Filesystem Encryption

  • Need to modify FilesystemSecurityRealm

    • Add SecretKey to constructors of FilesystemSecurityRealm

      • Object of type SecretKey

    • Implement the SecretKey functions with the use of the CipherUtil class to encrypt the identities and attributes.

    • Use encrypted principal in the filename and the directory levels (pathFor()) instead of the clear text name.

    • nameFor method would have to decrypt the file name differently based on the filename format.

    • In the setCredentials() method, both the principal and the evidence need to be encoded with the SecretKey. In the setAttributes() method, the attributes/roles need to be encoded with the SecretKey too.

    • The loadIdentity methods need to be modified to decrypt the identity data, with the same SecretKey.

    • parseCredentials(), parsePassword(), and parseAttributes() will also have to incorporate the decryption

  • The storage of the principal and passwords are handled separately. The principal is stored as the filename and encoded in base32, whereas the password is stored within the file and encrypted with a secret key and encoded with base64.

  • At the moment the only encoding right now for the principal and password (if plaintext is the choice of storage) is a base64 encoding, but this is very easily decodeable, very quickly. The solution is to encrypt it with a SecretKey, and then encode it wih Base64 afterwards.

  • Due to design limitations, the principal/username cannot contain illegal file characters, it requires the same output for every input, and it must be possible to determine the username from the filename. Due to these requirements, hashing would not work. Along with that the CipherUtil SecretKey methods would also not work as it uses a sort of randomization that ensures not every identical input will have the same encrypted output. As a result it was decided to just encode the principal with a base32 encoding and just encrypt the remaining information.
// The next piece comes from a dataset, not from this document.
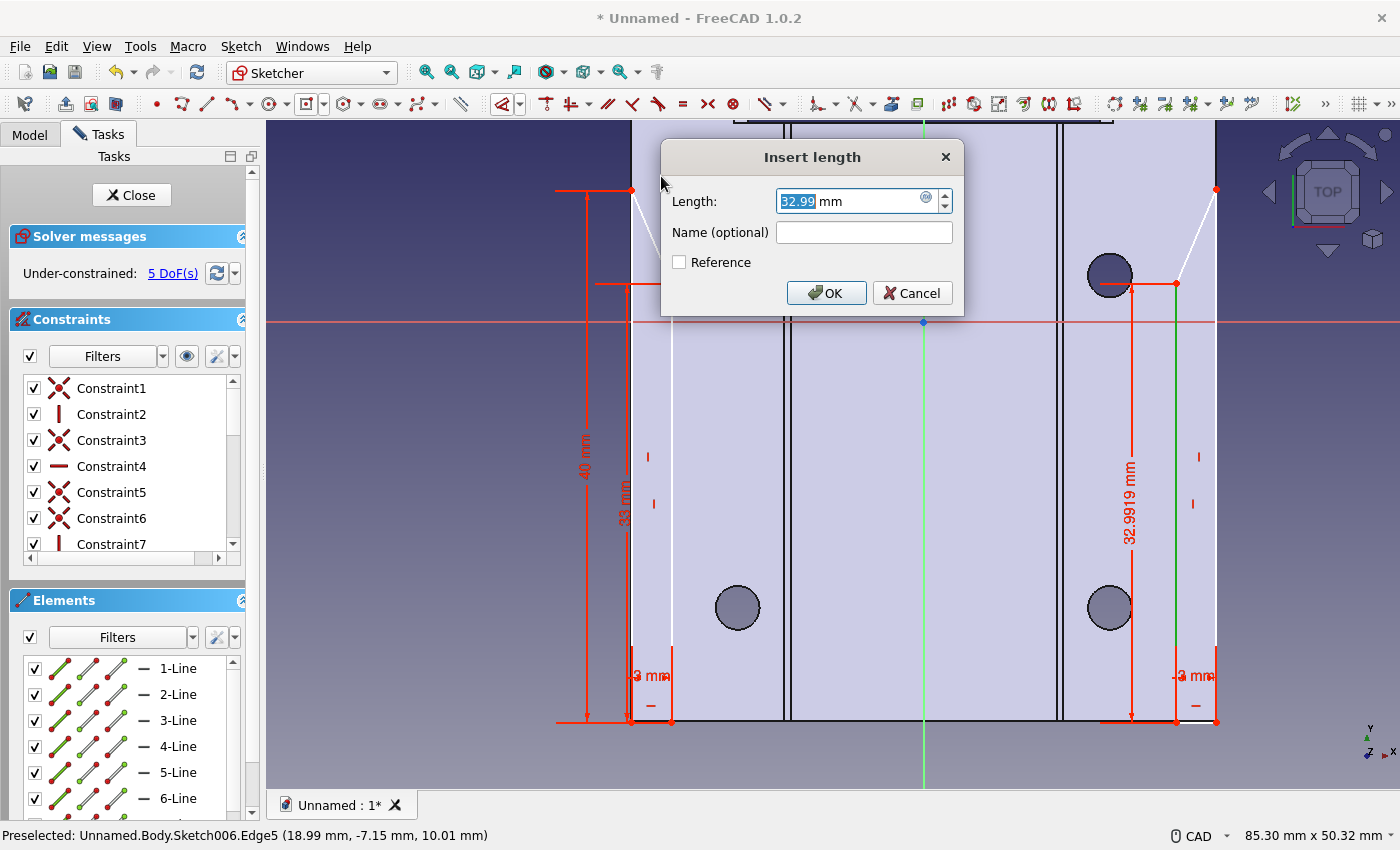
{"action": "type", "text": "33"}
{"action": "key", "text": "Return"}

  • There were 2 options considered for the SecretKey’s. The first was to encrypt each parameter: password, roles/attributes, with a separate SecretKey each, and store all the different SecretKey’s in one shared PropertiesCredentialStore. The other option was to encrypt the different parameters with the same SecretKey and store it in one PropertiesCredentialStore. The decision chosen was to use just one SecretKey and the reasoning for that was because if there was a breach in security and the password for the PropertiesCredentialStore was leaked, if all the SecretKey’s were in one PropertiesCredentialStore, then getting access to 3 SecretKey’s as opposed to 1 SecretKey is no different and has no advantages.

  • The execution of creating an encrypted FileSystem realm would be as follows

    • Create a CredentialStore (used to store the SecretKey). This would create a credential store and store a secret key inside it with an alias "key"

    • Then the user would create a FileSystemRealm and pass in the reference of the credential store as well as passing in the alias of the secret key defined in the Elytron subsystem.

  • It will be necessary to modify the FileSystemRealmDefinition to incorporate the option to add a path to the credential store as well as the alias for the SecretKey if the user want’s to encrypt their FileSystemRealm. This would go under the RealmAddHandler class in the performRuntime() method. Also will need to add a SimpleAttributeDefinition to pass in a SecretKey into the FileSystemSecurityRealm builder. Need to also update the ElytronDescriptionConstants with the constants containing encryption information too.

Test Plan

Elytron subsystem filesystem-realm tests will be added. Tests will be added to the Elytron testsuite and the Elytron subsystem tests.

Community Documentation

Documentation will be added in the "FileSystem Security Realm" section under elytron/components in the WildFly documentation to indicate that it is possible to encrypt the filesystem-realm during the creation.

Release Note Content

Support for adding filesystem realm encryption support with the use of a SecretKey.

It is now possible to encrypt identities that are stored on the local filesystem when using an Elytron filesystem-realm.

It is also possible to encrypt a filesystem realm that already exists to be compatible with these new changes.